Если более внимательно вглядеться в реальные высказывания, в которых выдвигаются такие претензии, то моральный элемент становится очевидным. Усердие объявляется знаком моральной добродетели. Например, Латур и Улгар цитируют некоего д-ра Скалли (р. 118): «…единственный способ — извлечь эти соединения, получить их в чистом виде… Кто-то должен был собраться с силами для этого… сейчас у нас тонны таких соединений». Об одном из коллег Скалли подчеркнуто [:55] безжалостно замечает: «конечно, он упустил эту возможность, у него никогда не было того, что нужно здесь — грубой силы» (р. 119). Дальнейшее рассмотрение вопроса о социальном истолковании слов «надежный» и «заслуживающий доверия», в особенности, их забавной персонифицированной моральной окраски, можно найти в работе Коллинза (1981).

Фактически в системе постоянно присутствует явная асимметрия критериев, которые применяются при оценке своей собственной гипотезы, и тех критериев, которые применяются для подрыва доверяя к гипотезам конкурентов. Джилберт и Малки (1982) показывают, как изобретательно искажаются «результаты, полученные экспериментально» в ходе дискуссий, обсуждающих, заслуживают ли доверия претензии на обладание знанием. В поддержку собственных идей результаты, полученные экспериментально, приводятся как несомненно надежные; для подтверждения мотивированности претензии используется обычная индуктивная схема. Но если ученый говорит об идеях своего научного противника, то «результаты, полученные экспериментально», объявляются зыбкими, а то, что другая сторона считает их подтверждением своей гипотезы, изображается как самообман. Критики без труда находят альтернативное истолкование результатов, полученных их соперниками. Опять-таки приходится прибегать к принятым условностям повествования, а не к принципам логики или методологии. Конечно, довод излагается так, что он не противоречит Логике, но мораль сей басни сводится теперь к похвалам «хорошим ребятам» и осуждению «плохих ребят», а к такому употреблению методологических принципов, которое принимает во внимание особенности личности, а не безличную справедливость. В этом новом виде данные больше не подкрепляют, а даже подрывают претензию соперника на обладание знанием. Критики не склонны проделать то же самое с собственными результатами. Они относятся к ним так, будто «выхватывали их непосредственно из природы». Собственные результаты преподносятся так, как имеющие лишь одно истолкование, такое, при котором они подкрепляют претензию автора. На критическом этапе особое значение придается эпистемологической доктрине, весьма похожей на доктрины Уэвелла (1847) или Хансона (1958). Немалое внимание обращается на то, каким именно образом используются существовавшие ранее теории и убеждения для того, чтобы из просто «результатов» получились «данные».

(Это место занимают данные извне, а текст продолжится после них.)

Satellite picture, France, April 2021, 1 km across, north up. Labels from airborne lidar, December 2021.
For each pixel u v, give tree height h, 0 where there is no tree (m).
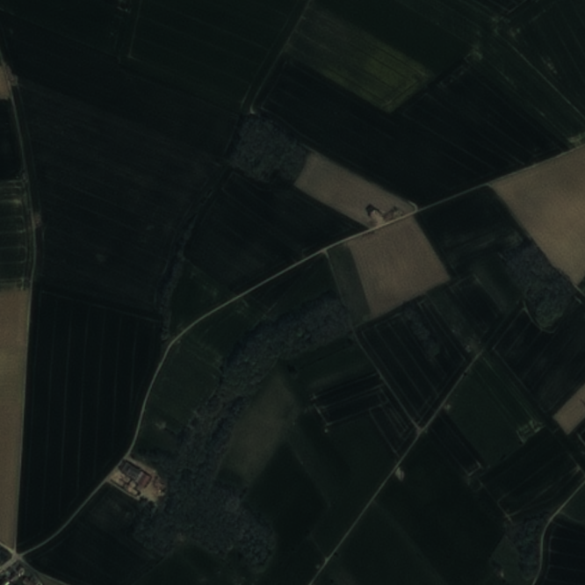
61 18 0
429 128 0
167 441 0
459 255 0
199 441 15
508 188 0
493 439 0
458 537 0
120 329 0
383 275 0
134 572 0
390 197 0
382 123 0
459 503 0
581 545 0
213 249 0
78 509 0
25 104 0
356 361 0
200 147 0
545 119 0
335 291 0
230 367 20
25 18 0
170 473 17
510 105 0
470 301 0
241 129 18
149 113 0
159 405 0
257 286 0
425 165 0
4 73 0
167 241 0
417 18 0
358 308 0
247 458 0
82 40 0
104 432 0
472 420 0
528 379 0
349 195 0
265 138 20
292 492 0
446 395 0
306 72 0
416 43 0
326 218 0
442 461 0
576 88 0
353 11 0
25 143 0
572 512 0
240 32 0
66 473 0
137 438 0
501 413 0
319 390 0
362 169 0
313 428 0
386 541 0
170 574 0
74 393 0
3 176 0
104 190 0
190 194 0
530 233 0
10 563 0
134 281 0
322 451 0
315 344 21
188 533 18
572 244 0
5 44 0
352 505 0
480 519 0
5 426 0
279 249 0
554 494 0
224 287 0
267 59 0
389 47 0
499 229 0
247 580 0
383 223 0
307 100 0
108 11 0
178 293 0
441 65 0
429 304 0
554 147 0
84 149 0
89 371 0
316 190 0
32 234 0
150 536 17
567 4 0
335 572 0
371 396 0
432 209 0
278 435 0
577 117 0
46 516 0
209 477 21
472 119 0
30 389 0
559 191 0
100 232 0
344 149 0
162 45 0
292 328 25
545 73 0
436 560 0
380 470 0
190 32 0
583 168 0
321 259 0
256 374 14
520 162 0
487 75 0
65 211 0
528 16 0
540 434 0
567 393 0
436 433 0
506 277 0
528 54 0
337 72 0
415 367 0
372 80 0
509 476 0
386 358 0
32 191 0
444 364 0
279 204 0
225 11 0
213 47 0
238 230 0
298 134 0
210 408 14
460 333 0
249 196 0
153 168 0
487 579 0
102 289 0
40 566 0
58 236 0
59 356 0
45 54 0

Ни в одной из описанных мною когнитивных методик, то есть ни в индуктивной степени доверия, ни в асимметрии между «нами» и «ими», традиционные понятия «истинности» или «ложности», видимо, не играют никакой роли. Вместо этого мы имеем фразы типа «правильность во всей своей полноте была подтверждена (Gilbert and Mulkey, 1982, p. 390), «С. провел изящные эксперименты, которые в основном представлялись мне убедительными» (р. 391); «Очень трудно понять, „добраться“ до тех вещей, над которыми работаешь» (р. 393); «Эти эксперименты показывают, что… реально» (р. 397); «Обратите внимание на то, как ведут себя некоторые молекулярные цепи» (р. 398); «Цифровые показатели, полученные Н., совпадают с тем, чего хочет С.» (р. 399), и так далее.